The integration loads settings from the Aspire:Azure:Storage:Files:DataLake configuration section:

{
"Aspire": {
"Azure": {
"Storage": {
"Files": {
"DataLake": {
"ServiceUri": "https://{account_name}.dfs.core.windows.net/",
"DisableHealthChecks": false,
"DisableTracing": false
}
}
}
}
}
}

Configure settings programmatically:

builder.AddAzureDataLakeServiceClient(
"datalake",
settings => settings.DisableHealthChecks = true);

Configure client options:

builder.AddAzureDataLakeServiceClient(
"datalake",
configureClientBuilder: clientBuilder =>
clientBuilder.ConfigureOptions(
options => options.Diagnostics.ApplicationId = "myapp"));

By default, the integration adds a health check that verifies connectivity to Azure Data Lake Storage.
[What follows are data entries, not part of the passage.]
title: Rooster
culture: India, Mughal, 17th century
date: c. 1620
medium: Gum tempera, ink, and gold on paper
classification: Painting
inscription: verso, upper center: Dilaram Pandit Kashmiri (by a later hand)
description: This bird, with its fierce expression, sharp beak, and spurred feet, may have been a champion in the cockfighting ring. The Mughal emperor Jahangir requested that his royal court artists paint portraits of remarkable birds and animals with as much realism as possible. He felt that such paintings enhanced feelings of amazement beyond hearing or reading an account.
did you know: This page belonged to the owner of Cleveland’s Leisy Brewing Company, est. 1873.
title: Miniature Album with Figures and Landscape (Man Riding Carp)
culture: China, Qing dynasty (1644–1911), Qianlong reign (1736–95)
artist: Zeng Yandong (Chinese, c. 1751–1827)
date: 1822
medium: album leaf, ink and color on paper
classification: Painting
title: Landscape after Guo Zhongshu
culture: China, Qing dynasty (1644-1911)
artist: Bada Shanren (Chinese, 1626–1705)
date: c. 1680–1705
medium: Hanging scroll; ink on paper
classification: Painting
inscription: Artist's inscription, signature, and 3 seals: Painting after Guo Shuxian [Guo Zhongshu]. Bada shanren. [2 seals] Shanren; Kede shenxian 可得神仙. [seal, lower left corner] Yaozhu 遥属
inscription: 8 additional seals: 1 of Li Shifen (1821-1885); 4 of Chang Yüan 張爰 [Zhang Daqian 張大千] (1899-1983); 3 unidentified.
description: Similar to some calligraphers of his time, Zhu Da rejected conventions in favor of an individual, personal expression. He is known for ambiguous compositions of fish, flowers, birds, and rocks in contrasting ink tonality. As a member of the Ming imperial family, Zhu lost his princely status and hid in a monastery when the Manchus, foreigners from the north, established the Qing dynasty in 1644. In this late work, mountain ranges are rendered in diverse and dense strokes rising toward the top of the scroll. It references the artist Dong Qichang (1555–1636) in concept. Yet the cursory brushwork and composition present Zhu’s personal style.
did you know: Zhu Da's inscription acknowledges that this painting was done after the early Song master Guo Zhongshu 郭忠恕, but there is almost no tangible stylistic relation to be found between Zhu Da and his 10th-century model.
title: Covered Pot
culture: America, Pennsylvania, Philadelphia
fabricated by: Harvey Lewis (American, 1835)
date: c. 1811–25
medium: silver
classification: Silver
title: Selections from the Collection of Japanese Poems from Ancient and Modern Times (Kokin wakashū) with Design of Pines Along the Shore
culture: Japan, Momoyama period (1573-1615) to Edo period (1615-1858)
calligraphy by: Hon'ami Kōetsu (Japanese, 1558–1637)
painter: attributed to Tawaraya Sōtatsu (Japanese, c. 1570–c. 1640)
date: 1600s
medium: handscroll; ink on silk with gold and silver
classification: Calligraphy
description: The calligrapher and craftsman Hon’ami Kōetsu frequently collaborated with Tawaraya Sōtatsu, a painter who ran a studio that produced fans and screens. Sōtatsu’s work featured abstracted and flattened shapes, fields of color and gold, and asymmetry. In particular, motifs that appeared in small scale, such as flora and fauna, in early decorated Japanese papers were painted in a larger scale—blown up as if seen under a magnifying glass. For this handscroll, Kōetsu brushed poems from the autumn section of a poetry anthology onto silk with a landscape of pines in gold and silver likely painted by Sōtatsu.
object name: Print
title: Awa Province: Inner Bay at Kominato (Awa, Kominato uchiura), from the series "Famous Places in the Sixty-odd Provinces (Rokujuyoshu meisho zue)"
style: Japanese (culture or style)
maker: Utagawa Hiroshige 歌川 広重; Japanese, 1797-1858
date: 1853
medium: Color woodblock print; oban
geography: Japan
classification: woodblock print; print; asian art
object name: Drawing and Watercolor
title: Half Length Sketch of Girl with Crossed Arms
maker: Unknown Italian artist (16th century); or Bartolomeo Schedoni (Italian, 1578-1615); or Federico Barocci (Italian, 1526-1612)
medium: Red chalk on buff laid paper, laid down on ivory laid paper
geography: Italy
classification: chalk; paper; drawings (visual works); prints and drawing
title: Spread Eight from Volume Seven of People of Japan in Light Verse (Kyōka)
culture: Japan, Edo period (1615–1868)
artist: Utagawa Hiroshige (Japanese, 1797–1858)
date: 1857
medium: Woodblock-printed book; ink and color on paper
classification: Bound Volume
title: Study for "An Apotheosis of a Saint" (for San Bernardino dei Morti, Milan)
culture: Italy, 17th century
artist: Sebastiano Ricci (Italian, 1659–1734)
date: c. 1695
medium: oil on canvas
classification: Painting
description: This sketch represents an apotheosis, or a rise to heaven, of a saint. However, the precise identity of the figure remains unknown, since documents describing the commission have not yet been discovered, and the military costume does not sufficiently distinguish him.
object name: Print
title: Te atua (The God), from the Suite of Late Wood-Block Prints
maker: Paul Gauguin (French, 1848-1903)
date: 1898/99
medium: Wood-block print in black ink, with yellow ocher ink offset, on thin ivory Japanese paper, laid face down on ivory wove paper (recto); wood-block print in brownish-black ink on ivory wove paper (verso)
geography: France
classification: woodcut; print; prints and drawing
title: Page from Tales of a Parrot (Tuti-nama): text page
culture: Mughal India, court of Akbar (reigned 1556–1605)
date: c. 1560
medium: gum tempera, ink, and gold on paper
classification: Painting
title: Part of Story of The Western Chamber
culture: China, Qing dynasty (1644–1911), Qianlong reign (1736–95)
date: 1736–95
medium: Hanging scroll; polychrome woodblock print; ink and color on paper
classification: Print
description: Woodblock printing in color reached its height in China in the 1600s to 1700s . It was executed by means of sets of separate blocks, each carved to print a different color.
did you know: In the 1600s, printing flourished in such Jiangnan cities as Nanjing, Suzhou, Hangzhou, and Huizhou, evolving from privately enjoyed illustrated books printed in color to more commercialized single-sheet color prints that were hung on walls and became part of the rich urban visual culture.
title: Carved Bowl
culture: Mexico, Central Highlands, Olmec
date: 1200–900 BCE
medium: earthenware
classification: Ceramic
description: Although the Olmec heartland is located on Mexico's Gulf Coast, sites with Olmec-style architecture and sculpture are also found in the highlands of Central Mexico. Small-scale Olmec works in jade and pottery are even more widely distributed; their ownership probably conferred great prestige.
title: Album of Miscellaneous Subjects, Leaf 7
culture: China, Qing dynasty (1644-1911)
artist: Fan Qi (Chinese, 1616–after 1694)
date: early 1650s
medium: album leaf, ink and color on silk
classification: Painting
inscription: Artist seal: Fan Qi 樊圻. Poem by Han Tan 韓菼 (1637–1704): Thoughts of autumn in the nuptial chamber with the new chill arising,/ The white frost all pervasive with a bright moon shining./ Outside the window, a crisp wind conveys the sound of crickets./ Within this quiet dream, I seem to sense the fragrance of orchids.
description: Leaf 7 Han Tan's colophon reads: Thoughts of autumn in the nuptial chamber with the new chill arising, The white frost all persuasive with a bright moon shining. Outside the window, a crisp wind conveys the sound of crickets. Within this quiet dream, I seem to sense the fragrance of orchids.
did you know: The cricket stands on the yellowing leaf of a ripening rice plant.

The health check:

  • Is enabled when DisableHealthChecks is false (the default)
  • Integrates with the /health HTTP endpoint

The integration uses these log categories:

  • Azure.Core
  • Azure.Identity

The integration emits OpenTelemetry tracing activities:

  • Azure.Storage.Files.DataLake.DataLakeServiceClient
  • Azure.Storage.Files.DataLake.DataLakeFileSystemClient

The Azure SDK for Data Lake Storage doesn’t currently emit metrics.